Visualisation; beats using double angle formulas!
Here's a nice way of visualising the integration of \(\sin^2(x)\) and \(\cos^2(x)\) between \(\pi\) and \(2\pi\). Below the graphic is the algebraic version, which involves the use of double angle formulas. I don't like to condone "tricks" over understanding, but this is quite a nice demonstration I saw not long ago for speed of remembering!
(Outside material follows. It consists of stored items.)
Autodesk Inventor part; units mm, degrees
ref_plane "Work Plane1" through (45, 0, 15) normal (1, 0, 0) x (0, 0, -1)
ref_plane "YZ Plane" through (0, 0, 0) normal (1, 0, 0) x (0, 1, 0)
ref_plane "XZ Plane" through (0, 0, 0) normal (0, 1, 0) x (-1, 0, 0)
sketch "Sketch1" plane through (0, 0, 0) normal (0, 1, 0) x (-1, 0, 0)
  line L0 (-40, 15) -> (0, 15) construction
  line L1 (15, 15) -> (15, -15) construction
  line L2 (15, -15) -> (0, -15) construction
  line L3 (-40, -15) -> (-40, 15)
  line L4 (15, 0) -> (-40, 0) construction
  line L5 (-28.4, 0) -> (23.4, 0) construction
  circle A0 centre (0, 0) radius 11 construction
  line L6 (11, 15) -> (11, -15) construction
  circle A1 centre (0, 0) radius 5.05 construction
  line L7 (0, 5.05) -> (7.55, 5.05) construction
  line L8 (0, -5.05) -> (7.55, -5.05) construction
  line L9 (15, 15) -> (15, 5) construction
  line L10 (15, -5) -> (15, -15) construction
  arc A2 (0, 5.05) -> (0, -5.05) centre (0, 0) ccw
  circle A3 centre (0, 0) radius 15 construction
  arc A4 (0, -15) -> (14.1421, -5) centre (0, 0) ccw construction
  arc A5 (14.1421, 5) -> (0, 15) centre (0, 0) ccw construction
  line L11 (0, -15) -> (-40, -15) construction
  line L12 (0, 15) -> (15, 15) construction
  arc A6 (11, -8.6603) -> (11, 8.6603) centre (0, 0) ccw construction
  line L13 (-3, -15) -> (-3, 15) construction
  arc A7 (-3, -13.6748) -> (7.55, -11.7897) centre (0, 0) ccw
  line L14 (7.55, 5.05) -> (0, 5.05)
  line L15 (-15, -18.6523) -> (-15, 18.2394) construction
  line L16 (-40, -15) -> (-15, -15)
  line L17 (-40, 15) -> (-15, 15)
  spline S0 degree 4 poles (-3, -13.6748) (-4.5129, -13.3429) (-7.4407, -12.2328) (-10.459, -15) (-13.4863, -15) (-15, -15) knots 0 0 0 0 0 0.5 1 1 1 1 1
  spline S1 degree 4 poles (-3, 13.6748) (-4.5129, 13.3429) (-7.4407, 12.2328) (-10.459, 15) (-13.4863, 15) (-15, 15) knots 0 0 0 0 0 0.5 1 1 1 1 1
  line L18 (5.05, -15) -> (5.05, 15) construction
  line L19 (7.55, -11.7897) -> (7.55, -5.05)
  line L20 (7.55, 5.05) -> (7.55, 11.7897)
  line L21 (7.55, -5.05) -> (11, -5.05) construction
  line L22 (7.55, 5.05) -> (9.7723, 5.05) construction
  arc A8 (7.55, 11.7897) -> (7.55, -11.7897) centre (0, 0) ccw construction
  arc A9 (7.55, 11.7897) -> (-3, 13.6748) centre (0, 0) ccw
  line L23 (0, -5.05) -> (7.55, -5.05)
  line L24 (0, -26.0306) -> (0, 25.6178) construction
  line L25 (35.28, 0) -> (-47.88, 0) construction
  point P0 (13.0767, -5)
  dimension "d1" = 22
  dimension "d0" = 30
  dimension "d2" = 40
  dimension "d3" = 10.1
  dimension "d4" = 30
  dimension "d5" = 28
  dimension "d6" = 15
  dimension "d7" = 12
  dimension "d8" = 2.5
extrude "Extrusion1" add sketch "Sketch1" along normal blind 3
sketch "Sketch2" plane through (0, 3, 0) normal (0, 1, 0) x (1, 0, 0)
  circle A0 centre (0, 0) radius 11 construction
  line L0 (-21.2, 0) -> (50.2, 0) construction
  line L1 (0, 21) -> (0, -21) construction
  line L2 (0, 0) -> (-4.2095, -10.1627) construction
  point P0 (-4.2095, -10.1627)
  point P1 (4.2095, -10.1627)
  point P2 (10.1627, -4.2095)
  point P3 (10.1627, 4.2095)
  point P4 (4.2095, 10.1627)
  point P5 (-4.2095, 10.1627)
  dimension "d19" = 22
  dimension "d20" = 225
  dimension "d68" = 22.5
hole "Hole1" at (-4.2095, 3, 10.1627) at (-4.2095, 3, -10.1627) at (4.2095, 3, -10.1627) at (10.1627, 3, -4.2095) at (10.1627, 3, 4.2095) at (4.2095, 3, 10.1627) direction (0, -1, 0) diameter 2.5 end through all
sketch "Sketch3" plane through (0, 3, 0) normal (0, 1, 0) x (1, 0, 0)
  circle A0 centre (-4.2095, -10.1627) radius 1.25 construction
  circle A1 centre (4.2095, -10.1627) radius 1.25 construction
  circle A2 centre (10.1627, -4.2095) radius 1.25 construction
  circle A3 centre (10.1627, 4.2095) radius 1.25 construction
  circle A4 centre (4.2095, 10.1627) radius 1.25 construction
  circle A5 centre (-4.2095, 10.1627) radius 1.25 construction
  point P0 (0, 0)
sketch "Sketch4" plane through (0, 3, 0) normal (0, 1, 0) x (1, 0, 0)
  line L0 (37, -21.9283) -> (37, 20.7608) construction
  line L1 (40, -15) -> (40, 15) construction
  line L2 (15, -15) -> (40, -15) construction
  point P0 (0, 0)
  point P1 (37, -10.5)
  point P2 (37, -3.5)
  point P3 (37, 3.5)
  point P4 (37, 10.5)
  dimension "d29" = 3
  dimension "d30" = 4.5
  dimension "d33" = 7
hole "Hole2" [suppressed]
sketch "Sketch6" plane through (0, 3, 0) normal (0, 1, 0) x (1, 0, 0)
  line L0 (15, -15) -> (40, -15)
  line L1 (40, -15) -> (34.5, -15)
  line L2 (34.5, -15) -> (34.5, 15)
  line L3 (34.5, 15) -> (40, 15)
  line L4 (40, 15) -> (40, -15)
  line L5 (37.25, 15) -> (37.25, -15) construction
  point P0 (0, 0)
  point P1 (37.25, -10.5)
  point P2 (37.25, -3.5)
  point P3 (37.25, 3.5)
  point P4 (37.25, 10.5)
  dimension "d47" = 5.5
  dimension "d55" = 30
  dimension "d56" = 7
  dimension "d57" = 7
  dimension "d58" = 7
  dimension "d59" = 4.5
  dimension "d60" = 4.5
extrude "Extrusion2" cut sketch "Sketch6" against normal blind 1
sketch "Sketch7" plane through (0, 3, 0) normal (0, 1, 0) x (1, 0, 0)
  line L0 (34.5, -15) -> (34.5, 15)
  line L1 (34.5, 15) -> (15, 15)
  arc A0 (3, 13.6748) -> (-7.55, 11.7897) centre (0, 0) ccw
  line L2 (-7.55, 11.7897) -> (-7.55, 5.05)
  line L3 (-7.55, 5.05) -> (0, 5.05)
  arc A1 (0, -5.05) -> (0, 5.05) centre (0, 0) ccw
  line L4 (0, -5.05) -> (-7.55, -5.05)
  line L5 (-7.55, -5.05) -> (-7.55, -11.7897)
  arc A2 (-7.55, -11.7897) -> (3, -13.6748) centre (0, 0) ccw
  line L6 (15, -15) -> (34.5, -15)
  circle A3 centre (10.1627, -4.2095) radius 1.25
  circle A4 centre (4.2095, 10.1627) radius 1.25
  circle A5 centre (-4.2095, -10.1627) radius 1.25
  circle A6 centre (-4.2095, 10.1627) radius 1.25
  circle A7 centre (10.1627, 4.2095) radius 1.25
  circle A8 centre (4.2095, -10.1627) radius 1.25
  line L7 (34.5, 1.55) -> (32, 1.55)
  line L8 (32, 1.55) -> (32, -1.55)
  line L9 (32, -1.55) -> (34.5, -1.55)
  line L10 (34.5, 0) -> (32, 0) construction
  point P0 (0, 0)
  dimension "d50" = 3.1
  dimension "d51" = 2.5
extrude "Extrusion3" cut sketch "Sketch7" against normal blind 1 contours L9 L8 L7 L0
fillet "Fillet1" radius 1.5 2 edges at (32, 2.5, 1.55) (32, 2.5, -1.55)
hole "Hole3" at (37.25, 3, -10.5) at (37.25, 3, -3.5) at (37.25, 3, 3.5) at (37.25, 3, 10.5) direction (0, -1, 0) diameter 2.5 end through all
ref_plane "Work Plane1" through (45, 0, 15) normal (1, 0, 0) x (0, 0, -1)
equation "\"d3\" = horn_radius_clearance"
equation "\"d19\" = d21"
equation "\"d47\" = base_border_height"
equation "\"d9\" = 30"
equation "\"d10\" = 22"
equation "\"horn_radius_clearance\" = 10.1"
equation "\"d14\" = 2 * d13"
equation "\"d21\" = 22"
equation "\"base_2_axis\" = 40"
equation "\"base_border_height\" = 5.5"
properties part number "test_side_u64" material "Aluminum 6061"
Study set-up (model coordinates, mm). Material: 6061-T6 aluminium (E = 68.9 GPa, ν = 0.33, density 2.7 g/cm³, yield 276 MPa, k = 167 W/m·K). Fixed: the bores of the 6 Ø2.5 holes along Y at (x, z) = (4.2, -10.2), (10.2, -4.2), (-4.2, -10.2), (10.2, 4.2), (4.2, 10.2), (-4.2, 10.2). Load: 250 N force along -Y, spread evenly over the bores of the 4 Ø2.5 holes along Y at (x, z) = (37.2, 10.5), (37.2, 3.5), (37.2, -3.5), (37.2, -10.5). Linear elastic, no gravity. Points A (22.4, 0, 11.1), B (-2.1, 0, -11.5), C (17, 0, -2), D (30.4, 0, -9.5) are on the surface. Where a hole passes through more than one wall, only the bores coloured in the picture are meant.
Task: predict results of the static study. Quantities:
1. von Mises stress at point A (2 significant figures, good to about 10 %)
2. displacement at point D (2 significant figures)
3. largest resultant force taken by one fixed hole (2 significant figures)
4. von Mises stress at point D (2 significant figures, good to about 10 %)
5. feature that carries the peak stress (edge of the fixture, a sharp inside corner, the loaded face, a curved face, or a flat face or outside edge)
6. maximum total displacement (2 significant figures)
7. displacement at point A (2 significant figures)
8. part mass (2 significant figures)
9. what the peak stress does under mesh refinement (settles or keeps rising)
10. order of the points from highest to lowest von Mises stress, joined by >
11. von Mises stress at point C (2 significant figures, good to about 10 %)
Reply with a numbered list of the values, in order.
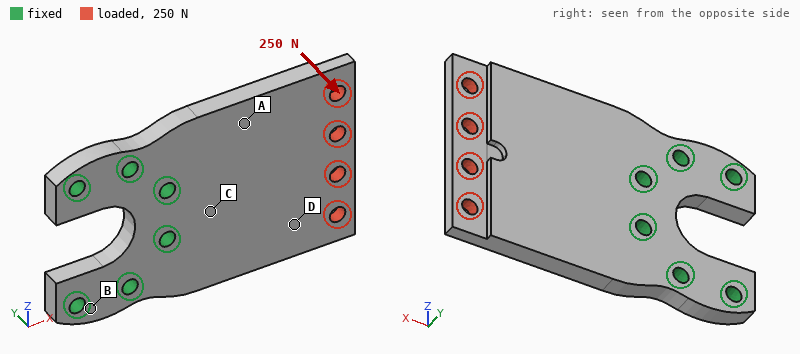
1. 80 MPa
2. 0.23 mm
3. 300 N
4. 40 MPa
5. edge of the fixture
6. 0.42 mm
7. 0.097 mm
8. 9.3 g
9. keeps rising
10. C > A > D > B
11. 110 MPa
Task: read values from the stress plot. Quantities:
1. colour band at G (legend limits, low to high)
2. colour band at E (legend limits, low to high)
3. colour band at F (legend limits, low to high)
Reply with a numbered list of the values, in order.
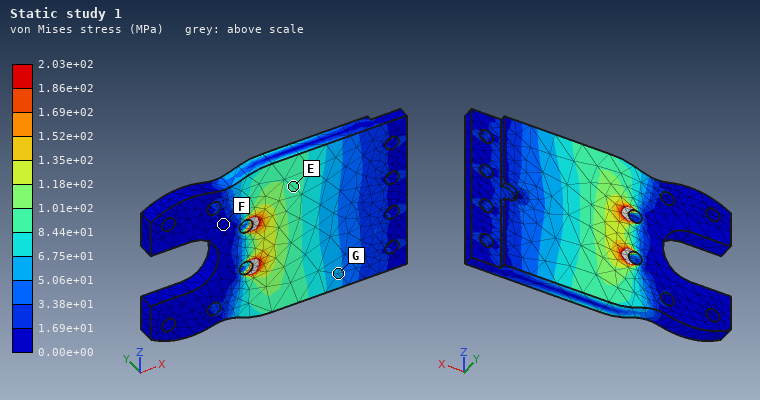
1. 5.06e+01 to 6.75e+01 MPa
2. 8.44e+01 to 1.01e+02 MPa
3. 0.00e+00 to 1.69e+01 MPa
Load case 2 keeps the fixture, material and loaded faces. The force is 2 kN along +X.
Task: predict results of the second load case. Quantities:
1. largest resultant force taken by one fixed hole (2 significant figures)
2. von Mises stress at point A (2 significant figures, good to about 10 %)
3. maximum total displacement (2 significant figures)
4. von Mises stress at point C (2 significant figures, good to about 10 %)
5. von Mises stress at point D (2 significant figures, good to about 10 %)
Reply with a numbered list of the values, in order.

1. 640 N
2. 42 MPa
3. 94 µm
4. 47 MPa
5. 44 MPa
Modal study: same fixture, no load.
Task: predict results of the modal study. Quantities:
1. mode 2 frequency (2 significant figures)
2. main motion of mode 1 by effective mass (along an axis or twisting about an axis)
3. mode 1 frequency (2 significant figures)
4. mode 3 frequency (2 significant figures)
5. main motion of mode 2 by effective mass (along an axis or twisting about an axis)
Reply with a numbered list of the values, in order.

1. 6100 Hz
2. along Y
3. 3100 Hz
4. 15 kHz
5. twisting about X
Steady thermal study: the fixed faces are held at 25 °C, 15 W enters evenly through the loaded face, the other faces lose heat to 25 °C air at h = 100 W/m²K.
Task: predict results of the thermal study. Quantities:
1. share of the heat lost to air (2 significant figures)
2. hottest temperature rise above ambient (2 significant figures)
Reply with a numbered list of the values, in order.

1. 19 %
2. 29 K
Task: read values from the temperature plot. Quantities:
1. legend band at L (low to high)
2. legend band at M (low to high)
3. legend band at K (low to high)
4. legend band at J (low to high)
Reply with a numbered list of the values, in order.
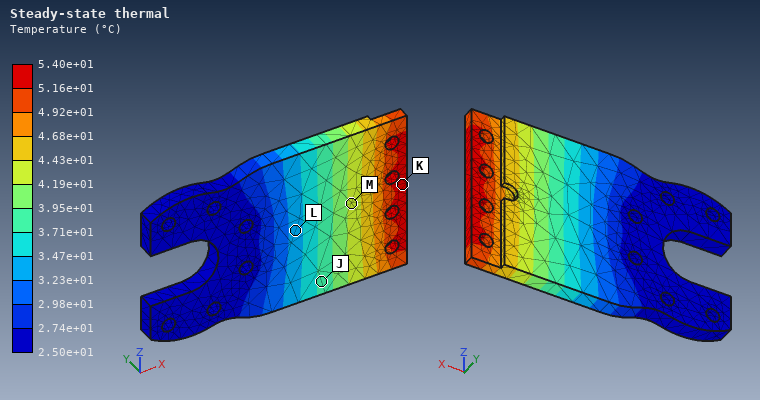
1. 3.23e+01 to 3.47e+01 °C
2. 4.19e+01 to 4.43e+01 °C
3. 5.16e+01 to 5.40e+01 °C
4. 3.71e+01 to 3.95e+01 °C

...and now the slightly more gritty written solution
First use the double angle formula for \(\cos(2x)\) to express \(\sin^2(x)\) differently: \[\begin{align} \cos(2x)&=\cos^2(x)-\sin^2(x) \\[8pt] &=(1-\sin^2(x))-\sin^2(x) \\[8pt] &=1-2\sin^2(x) \\[8pt] 2\sin^2(x)&=1-\cos(2x) \\[8pt] \sin^2(x)&=\tfrac{1}{2}-\tfrac{1}{2}\cos(2x) \end{align}\] Then integrate using the substitution from above: \[\begin{align} &\int^{2\pi}_0 \sin^2(x)\,dx \\[12pt] &= \int^{2\pi}_0 \tfrac{1}{2}-\tfrac{1}{2}\cos(2x) \,dx \\[12pt] &= \left[\tfrac{1}{2}x-\tfrac{1}{4}\sin(2x)\right]^{2\pi}_0 \\[12pt] &= \left(\tfrac{1}{2}(2\pi)-\tfrac{1}{4}\sin(4\pi)\right)-\left(\tfrac{1}{2}(0)-\tfrac{1}{4}\sin(0)\right) \\[12pt] &= \pi \end{align}\]
Intergrating \(\cos^2(x)\) is equivalent, but you will need to substitute out the \(\sin^2(x)\) term instead on the second line. In case you didn't realise, this uses \(\sin^2(x)+\cos^2(x)=1\).